### [What the exercise asks]
Could you reproduce the lines below from the one with "Page size: 1164x1607." through the one with "List each element's"? Keep both ends and add nothing.

### [Available data]
· · · ·

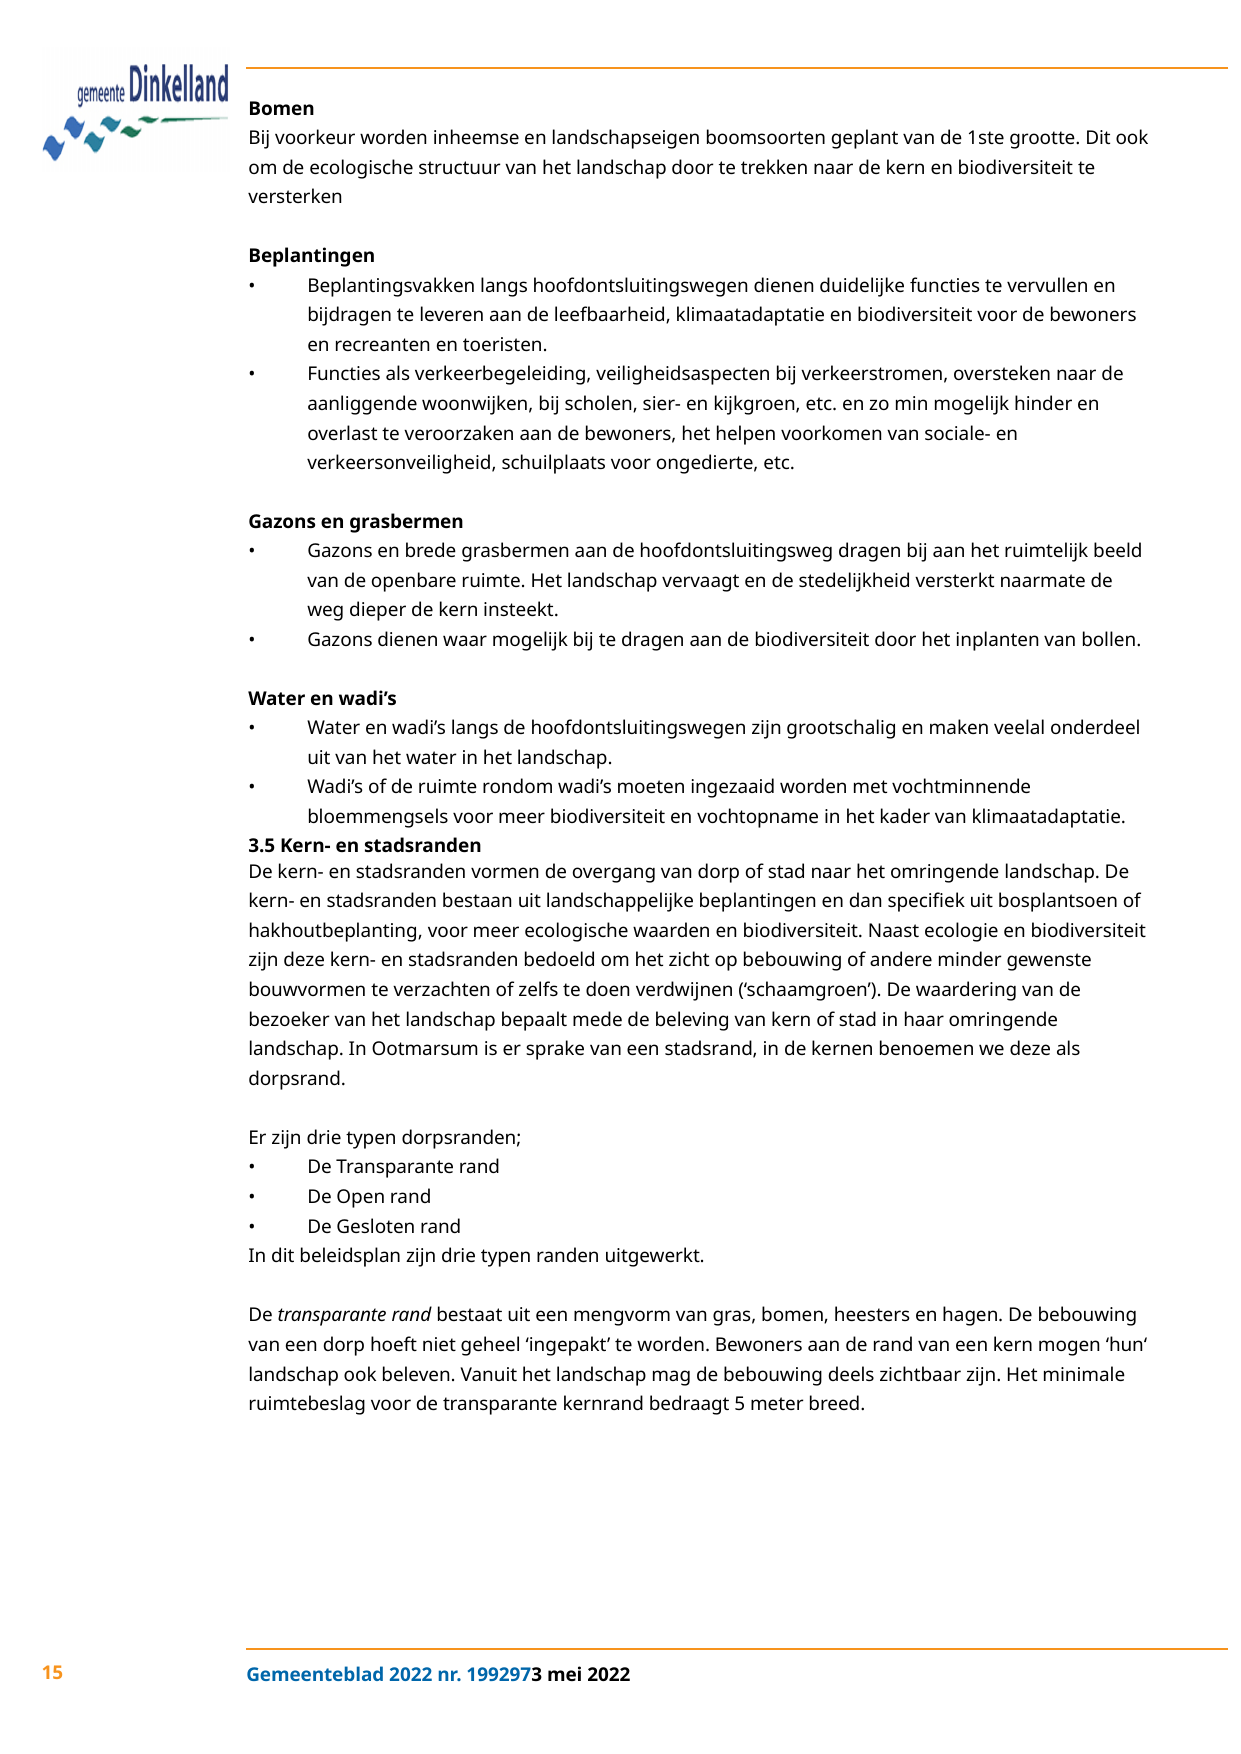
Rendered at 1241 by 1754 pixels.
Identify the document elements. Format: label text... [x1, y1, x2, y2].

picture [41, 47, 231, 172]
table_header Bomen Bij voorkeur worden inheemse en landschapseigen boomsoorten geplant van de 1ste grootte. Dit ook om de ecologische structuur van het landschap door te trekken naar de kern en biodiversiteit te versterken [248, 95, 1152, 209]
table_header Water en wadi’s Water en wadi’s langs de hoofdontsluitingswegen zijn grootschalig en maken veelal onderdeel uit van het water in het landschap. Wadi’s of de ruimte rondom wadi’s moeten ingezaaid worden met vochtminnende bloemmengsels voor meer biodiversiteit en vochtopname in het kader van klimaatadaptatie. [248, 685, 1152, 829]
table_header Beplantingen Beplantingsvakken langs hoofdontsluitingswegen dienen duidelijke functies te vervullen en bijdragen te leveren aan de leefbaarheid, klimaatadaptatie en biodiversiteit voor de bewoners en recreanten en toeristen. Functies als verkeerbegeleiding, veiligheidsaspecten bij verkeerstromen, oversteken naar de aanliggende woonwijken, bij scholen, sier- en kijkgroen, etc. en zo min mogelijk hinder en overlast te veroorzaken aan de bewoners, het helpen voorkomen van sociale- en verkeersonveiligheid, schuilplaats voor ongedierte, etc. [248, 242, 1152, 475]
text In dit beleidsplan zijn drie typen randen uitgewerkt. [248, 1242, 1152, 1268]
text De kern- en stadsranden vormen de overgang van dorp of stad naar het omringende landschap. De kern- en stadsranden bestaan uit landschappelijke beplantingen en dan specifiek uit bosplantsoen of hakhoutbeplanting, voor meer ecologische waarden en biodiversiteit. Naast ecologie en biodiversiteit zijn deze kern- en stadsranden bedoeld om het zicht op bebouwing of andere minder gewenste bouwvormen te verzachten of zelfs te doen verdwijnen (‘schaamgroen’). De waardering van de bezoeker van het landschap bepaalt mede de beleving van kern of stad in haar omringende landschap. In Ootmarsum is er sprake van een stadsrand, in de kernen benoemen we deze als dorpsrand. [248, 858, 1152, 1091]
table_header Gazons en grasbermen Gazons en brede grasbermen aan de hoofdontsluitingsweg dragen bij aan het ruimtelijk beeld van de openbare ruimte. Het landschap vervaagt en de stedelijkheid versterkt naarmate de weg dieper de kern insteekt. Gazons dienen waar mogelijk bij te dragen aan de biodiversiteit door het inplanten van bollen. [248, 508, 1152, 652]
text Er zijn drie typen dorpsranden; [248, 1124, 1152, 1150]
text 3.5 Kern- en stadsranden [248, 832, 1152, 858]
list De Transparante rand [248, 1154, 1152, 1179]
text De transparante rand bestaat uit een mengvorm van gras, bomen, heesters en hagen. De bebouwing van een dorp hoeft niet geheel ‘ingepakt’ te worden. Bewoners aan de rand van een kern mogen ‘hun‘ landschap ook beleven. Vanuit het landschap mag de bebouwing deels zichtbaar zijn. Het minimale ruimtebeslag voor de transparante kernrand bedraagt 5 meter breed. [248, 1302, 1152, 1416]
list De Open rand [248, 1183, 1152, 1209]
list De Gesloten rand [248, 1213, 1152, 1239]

· · · ·

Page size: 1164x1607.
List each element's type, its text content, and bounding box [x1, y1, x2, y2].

· · · ·

### [Output]
Page size: 1164x1607.
List each element's type, its text content, and bounding box [x1, y1, x2, y2].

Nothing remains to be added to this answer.